Neva. Neva em mim.
O gelo cobre a janela, mas aqui dentro a lareira nos esquenta. Mamãe está a dormir, dou graças a isso, ela não sente tanta dor quando submersa em sonhos. Oh, mamãe! Estamos as duas afastadas, a uma distância que a insanidade nos impôs, isso não merece ser chamado de vida, uma pessoa sempre ativa e agora é limitada a camisa de força, sendo chamada de louca.
Enquanto escrevo, mamãe ressona tranquila – normal eu diria até. Ontem ela me perguntou quem eu era. “Ora, sou Rox, sua filha”, respondi. “Tome tento, louca. Tens minha idade” respondeu e saiu empertigada.
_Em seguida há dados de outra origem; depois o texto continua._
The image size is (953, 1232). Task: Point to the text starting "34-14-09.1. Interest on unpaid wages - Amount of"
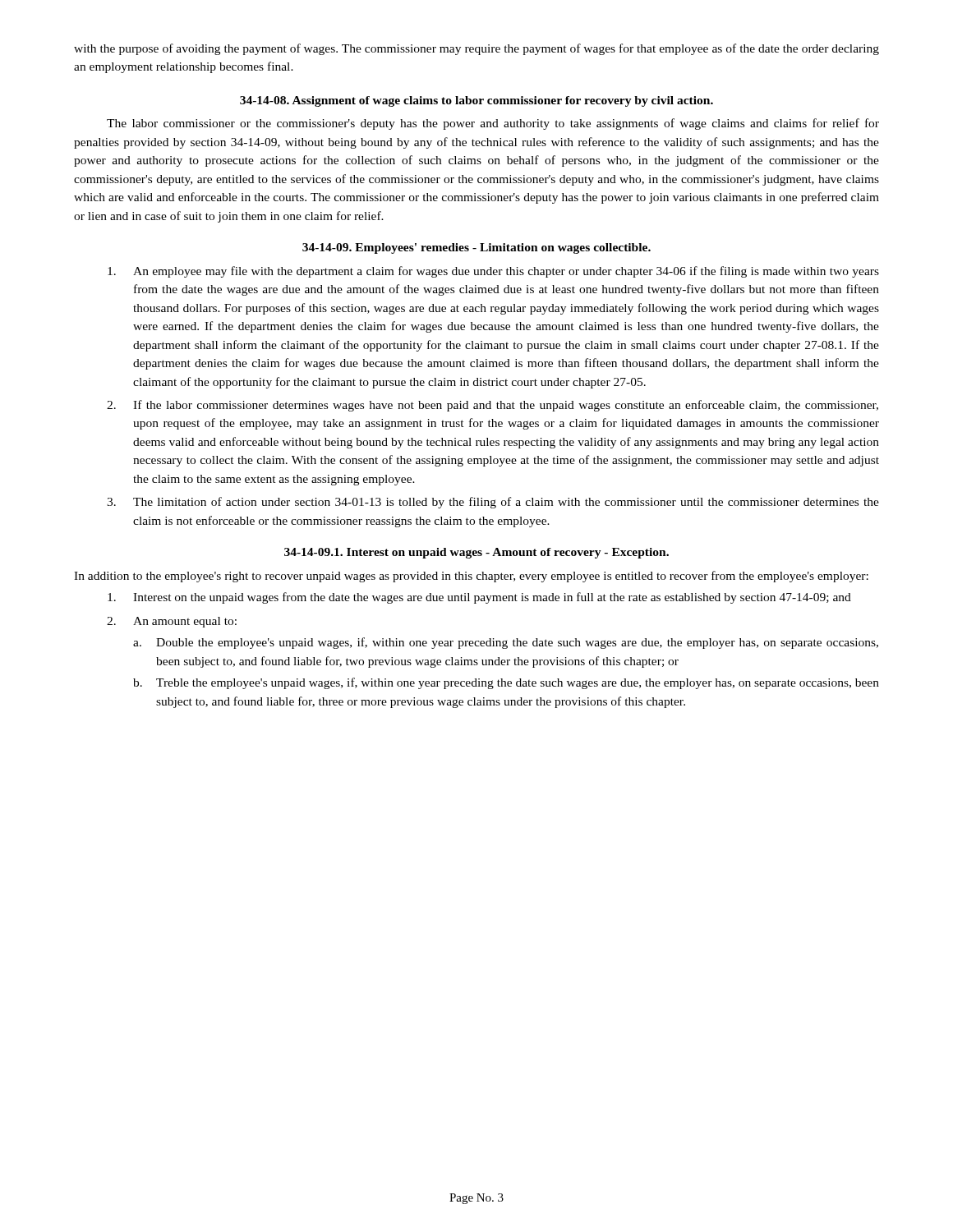click(476, 552)
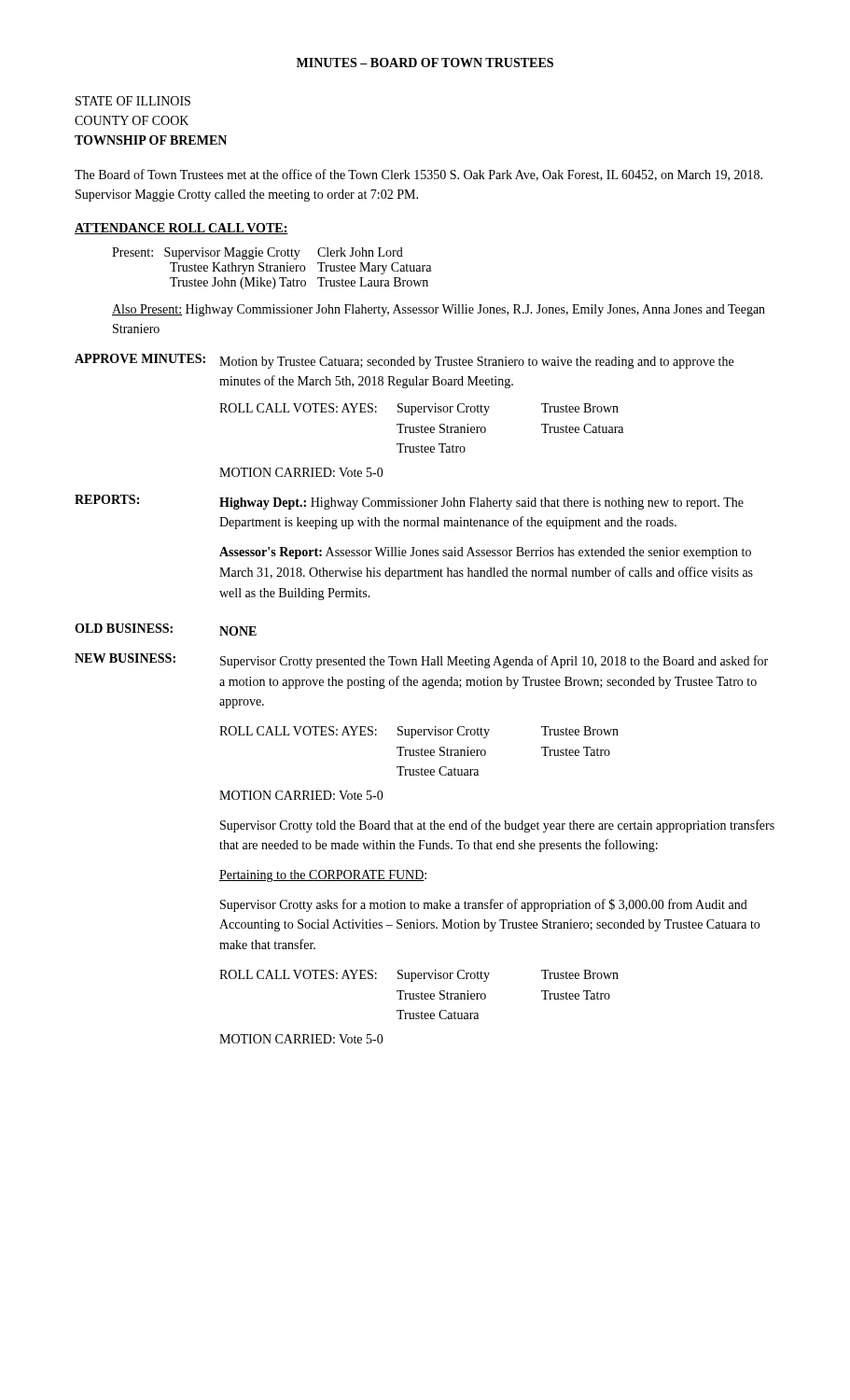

Mas hoje, para grande alegria, ela amanheceu e foi para as suas rosas no jardim, cantarolava e sorria, conversava com as rosas e me olhava maviosa. Céus!, como fiquei feliz. Sentei e admirei-a, como se estivéssemos de volta aos meu dez anos de idade, com mamãe e papai rindo de mim e das tagarelices sem sentido algum.
O sol se pôs, naturalmente, e como foi egoísta, levou minhas lembranças e a calma de minha velha mãe, foi terrível presenciar a matança da vida – dela e do jardim, agora em pedaços – mamãe simplesmente endureceu e uma sombra desceu sobre seus olhos, gritou para mim, para as flores, pisoteou-as e praguejou a mim. Tirou as roupas e correu para longe. Só fui encontrá-la quando a noite só se fazia clara pela lua, ela estava deitada no chão batido, onde papai fora enterrado, lá ela conversava com ele, chorava por ele. Triste de se ver. Quando a trouxe para casa estava exausta e logo dormiu.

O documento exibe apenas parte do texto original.